Advantages of this solution over the wp.com one:
- Much less code needs modification regarding database access and uploaded file access. Only the requests to the main tables need to be redirected to the main database, otherwise all requests are treated locally.
- No need for NFS drives.
- No need for dynamic sync of any member in the system. Every instance of MU acts as a normal one with its own set of bloggers, its own set of uploaded files, its own DB. This means optimal performance on the local machines, and very little overhead overall when compared to a simple MU installation, with just the data transfer between the proxy and the backend server added.
- No problem with the 32000 bloggers limit anymore. If any letter reaches 32000 bloggers, you can split it with rewrite rules like:
RewriteRule ^aa(.*)\.unblog\.fr(.*)$ http://aa$1.unblogaa.fr$2 [P,L]
RewriteRule ^ab(.*)\.unblog\.fr(.*)$ http://ab$1.unblogab.fr$2 [P,L]

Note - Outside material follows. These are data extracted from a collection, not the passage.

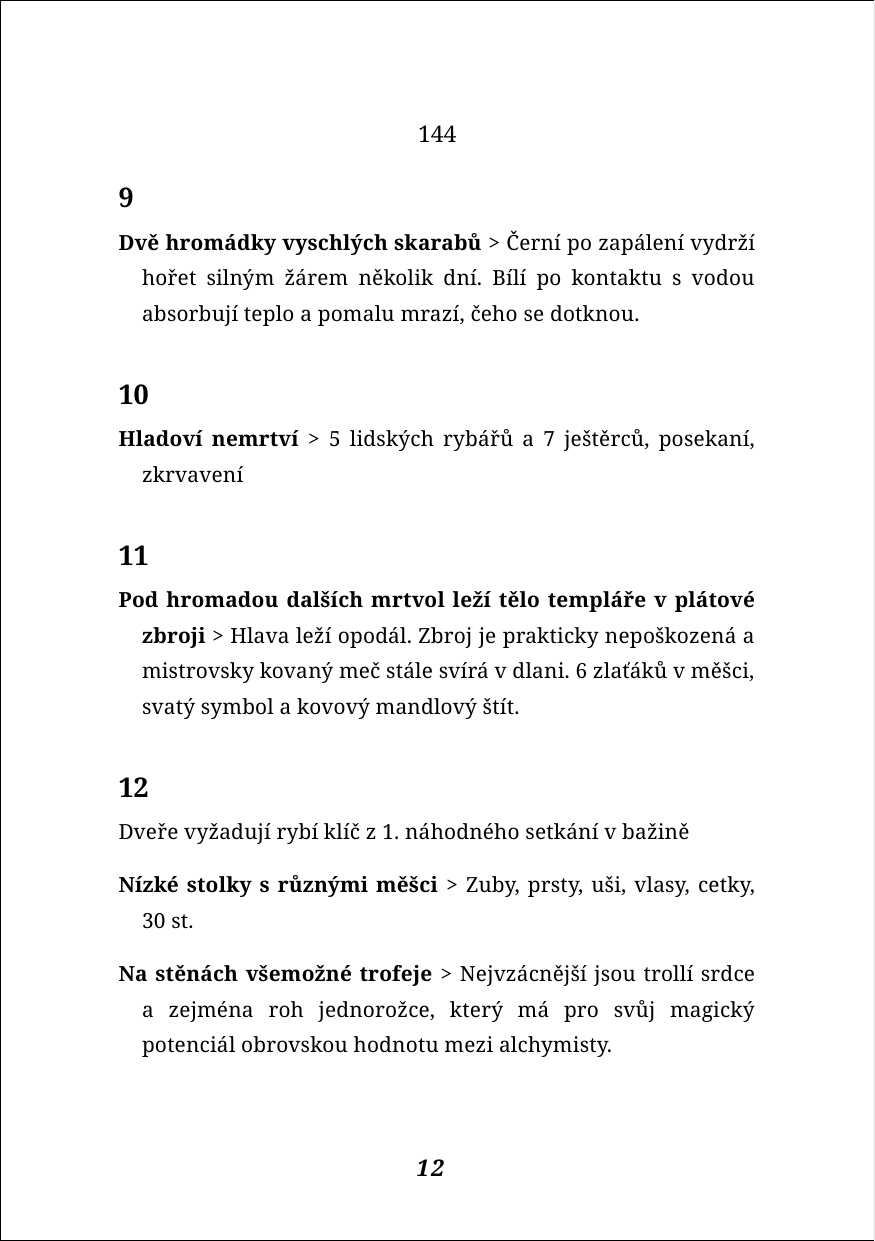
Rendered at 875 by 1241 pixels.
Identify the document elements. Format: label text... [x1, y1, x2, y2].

text Dvě hromádky vyschlých skarabů > Černí po zapálení vydrží hořet silným žárem několik dní. Bílí po kontaktu s vodou absorbují teplo a pomalu mrazí, čeho se dotknou. [118, 228, 756, 327]
text Hladoví nemrtví > 5 lidských rybářů a 7 ještěrců, posekaní, zkrvavení [118, 424, 756, 488]
subtitle 12 [118, 769, 756, 806]
text Nízké stolky s různými měšci > Zuby, prsty, uši, vlasy, cetky, 30 st. [118, 871, 756, 934]
subtitle 10 [118, 376, 756, 412]
text Na stěnách všemožné trofeje > Nejvzácnější jsou trollí srdce a zejména roh jednorožce, který má pro svůj magický potenciál obrovskou hodnotu mezi alchymisty. [118, 959, 756, 1059]
subtitle 9 [118, 179, 756, 216]
text Dveře vyžadují rybí klíč z 1. náhodného setkání v bažině [118, 817, 756, 846]
text Pod hromadou dalších mrtvol leží tělo templáře v plátové zbroji > Hlava leží opodál. Zbroj je prakticky nepoškozená a mistrovsky kovaný meč stále svírá v dlani. 6 zlaťáků v měšci, svatý symbol a kovový mandlový štít. [118, 585, 756, 720]
subtitle 11 [118, 537, 756, 573]
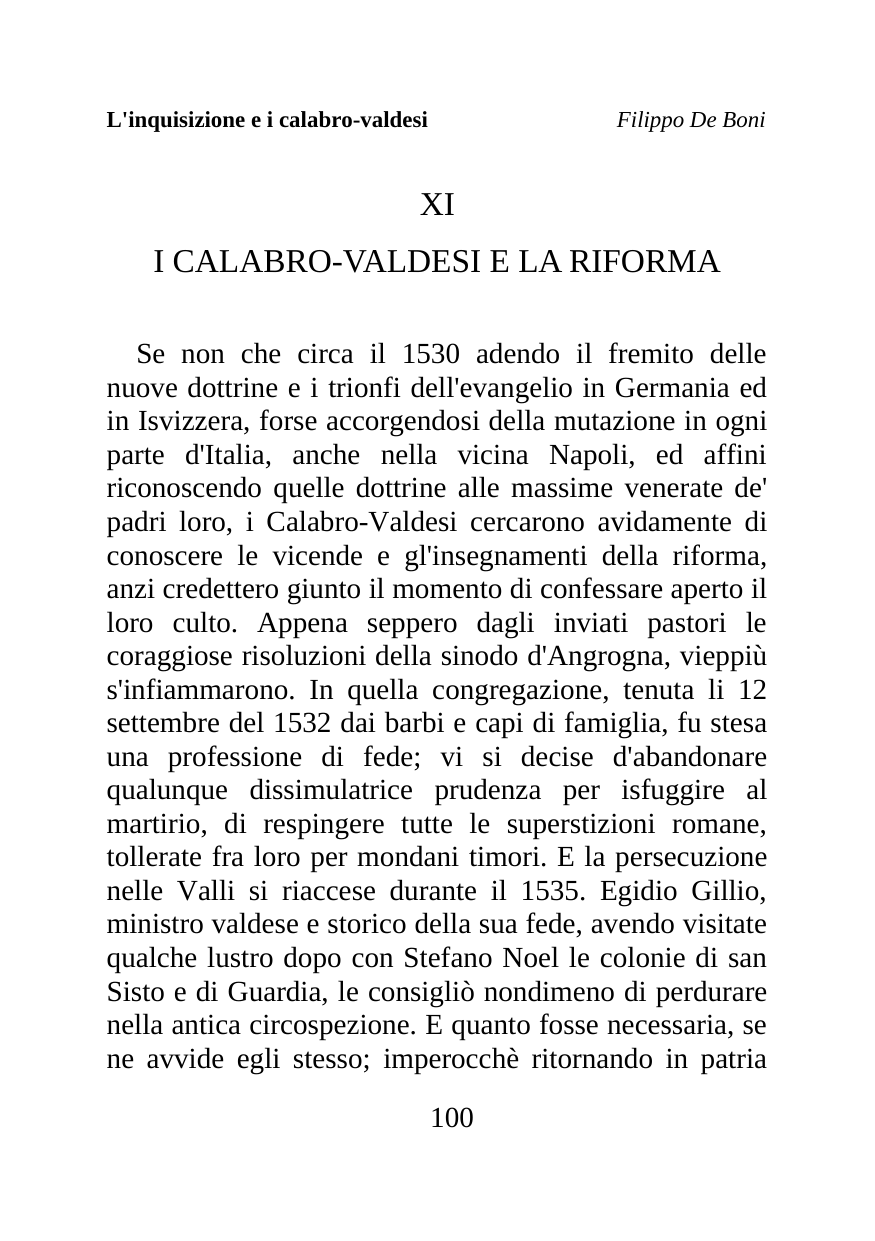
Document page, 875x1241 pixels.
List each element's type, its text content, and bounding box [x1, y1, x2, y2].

subtitle XI I CALABRO-VALDESI E LA RIFORMA [106, 184, 768, 280]
text Se non che circa il 1530 adendo il fremito delle nuove dottrine e i trionfi dell'evangelio in Germania ed in Isvizzera, forse accorgendosi della mutazione in ogni parte d'Italia, anche nella vicina Napoli, ed affini riconoscendo quelle dottrine alle massime venerate de' padri loro, i Calabro-Valdesi cercarono avidamente di conoscere le vicende e gl'insegnamenti della riforma, anzi credettero giunto il momento di confessare aperto il loro culto. Appena seppero dagli inviati pastori le coraggiose risoluzioni della sinodo d'Angrogna, vieppiù s'infiammarono. In quella congregazione, tenuta li 12 settembre del 1532 dai barbi e capi di famiglia, fu stesa una professione di fede; vi si decise d'abandonare qualunque dissimulatrice prudenza per isfuggire al martirio, di respingere tutte le superstizioni romane, tollerate fra loro per mondani timori. E la persecuzione nelle Valli si riaccese durante il 1535. Egidio Gillio, ministro valdese e storico della sua fede, avendo visitate qualche lustro dopo con Stefano Noel le colonie di san Sisto e di Guardia, le consigliò nondimeno di perdurare nella antica circospezione. E quanto fosse necessaria, se ne avvide egli stesso; imperocchè ritornando in patria [106, 336, 768, 1074]

RewriteRule ^ac(.*)\.unblog\.fr(.*)$ http://ac$1.unblogac.fr$2 [P,L]
etc.
- One server gets overloaded ? A disk gets full ? Add a new server and split some of your users on it. Easy !
- You can split in as many environments as needed. Smaller databases -> easier backups, easier script updates, less downtime for users (particularly when upgrading DB.
- It's easy to beta-test new features, just create a test environment like:
RewriteRule ^test\.unblog\.fr(.*)$ http://test.unblogtest.fr$2 [P,L]
and do your changes on the unblogtest environment. When yo're happy, push files to the other environments.
Drawbacks of the solution:
- By default the environment unblogX.fr is meant to run on this domain and will generate html pages with this domain. Most requests in MU should be relative, but if there are some absolute paths the domain needs fixing. This can probably be done by cheating the HOST variable in mu.
- The IP of incoming requests is always the proxy one. IP detection in MU needs to be replaced to check the HTTP_X_FORWARDED_FOR or HTTP_VIA variables.
- wp-newblog.php needs to be modified to create the blog in the right environment.
- Many entries need to be created in bind, and although you don't need to actually register the domains, I'm not too sure what happens if unblogX.fr exists.
- A script to move users tables and files around is needed (would be in any multi-database setup).
That's about all I see. Please tell me if you think I overlooked something or about the big hidden drawback I didn't think about.